Given records: Begin

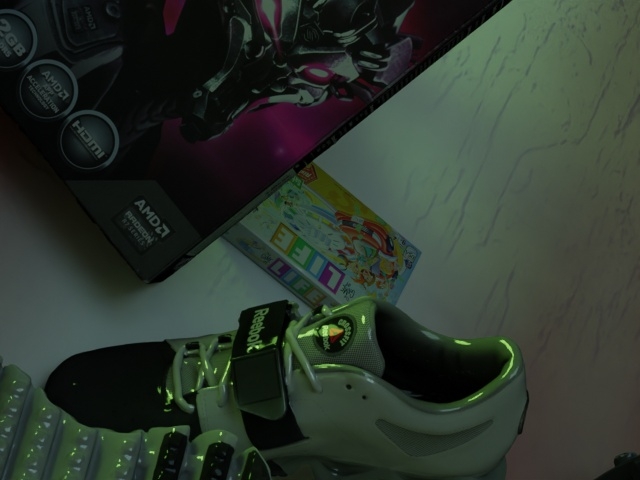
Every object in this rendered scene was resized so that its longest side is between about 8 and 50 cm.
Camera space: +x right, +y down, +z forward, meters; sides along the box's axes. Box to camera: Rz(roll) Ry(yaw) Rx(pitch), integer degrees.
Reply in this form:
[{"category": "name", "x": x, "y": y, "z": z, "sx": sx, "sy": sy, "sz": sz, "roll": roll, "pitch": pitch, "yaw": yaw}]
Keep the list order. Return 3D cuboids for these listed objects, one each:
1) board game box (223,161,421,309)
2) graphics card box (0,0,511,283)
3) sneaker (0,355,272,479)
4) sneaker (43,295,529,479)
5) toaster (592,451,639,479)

Given records: End

◆ Task to complete
Wherever the word "pitch" appears in the entries above, copy that whole line.

◆ Exercise result
Camera space: +x right, +y down, +z forward, meters; sides along the box's axes. Box to camera: Rz(roll) Ry(yaw) Rx(pitch), integer degrees.
[{"category": "name", "x": x, "y": y, "z": z, "sx": sx, "sy": sy, "sz": sz, "roll": roll, "pitch": pitch, "yaw": yaw}]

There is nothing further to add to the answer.